Information provided:

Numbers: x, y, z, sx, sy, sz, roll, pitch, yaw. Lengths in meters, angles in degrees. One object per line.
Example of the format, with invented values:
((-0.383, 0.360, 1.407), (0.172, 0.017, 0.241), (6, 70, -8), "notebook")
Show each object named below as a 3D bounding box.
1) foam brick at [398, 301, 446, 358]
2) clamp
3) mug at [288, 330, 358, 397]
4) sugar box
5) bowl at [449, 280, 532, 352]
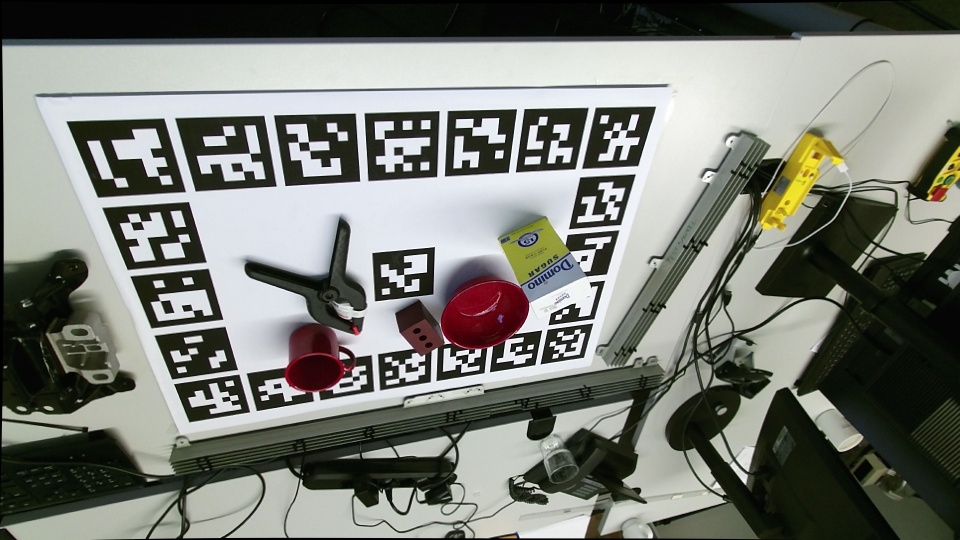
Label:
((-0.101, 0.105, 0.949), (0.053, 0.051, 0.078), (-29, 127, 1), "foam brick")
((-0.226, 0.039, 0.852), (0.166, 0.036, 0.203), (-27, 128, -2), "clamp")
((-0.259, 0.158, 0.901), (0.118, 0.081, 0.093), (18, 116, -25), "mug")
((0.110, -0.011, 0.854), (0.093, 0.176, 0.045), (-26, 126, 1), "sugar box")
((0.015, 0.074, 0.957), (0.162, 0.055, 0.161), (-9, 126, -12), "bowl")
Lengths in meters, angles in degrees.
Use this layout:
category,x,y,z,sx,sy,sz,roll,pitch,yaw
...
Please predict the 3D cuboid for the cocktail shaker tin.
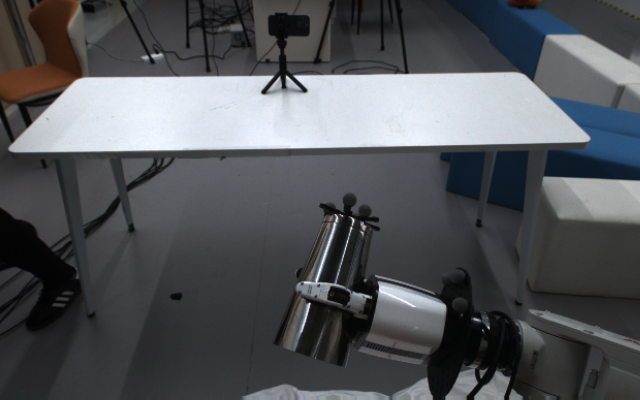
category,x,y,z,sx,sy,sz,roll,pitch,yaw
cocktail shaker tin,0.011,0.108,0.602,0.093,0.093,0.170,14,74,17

Work item:
Print the listing exactly, pictures excluded.

Reply:
Numbers: x, y, z, sx, sy, sz, roll, pitch, yaw. Lengths in meters, angles in degrees. One object per line.
Example of the format, with invented values:
((-0.383, 0.360, 1.407), (0.172, 0.017, 0.241), (6, 70, -8), "notebook")
Show each object named below as a 3D bounding box.
1) foam brick at [398, 301, 446, 358]
2) clamp
3) mug at [288, 330, 358, 397]
4) sugar box
5) bowl at [449, 280, 532, 352]
Label:
((-0.101, 0.105, 0.949), (0.053, 0.051, 0.078), (-29, 127, 1), "foam brick")
((-0.226, 0.039, 0.852), (0.166, 0.036, 0.203), (-27, 128, -2), "clamp")
((-0.259, 0.158, 0.901), (0.118, 0.081, 0.093), (18, 116, -25), "mug")
((0.110, -0.011, 0.854), (0.093, 0.176, 0.045), (-26, 126, 1), "sugar box")
((0.015, 0.074, 0.957), (0.162, 0.055, 0.161), (-9, 126, -12), "bowl")
Lengths in meters, angles in degrees.
Use this layout:
category,x,y,z,sx,sy,sz,roll,pitch,yaw
...
Please predict the 3D cuboid for the cocktail shaker tin.
category,x,y,z,sx,sy,sz,roll,pitch,yaw
cocktail shaker tin,0.011,0.108,0.602,0.093,0.093,0.170,14,74,17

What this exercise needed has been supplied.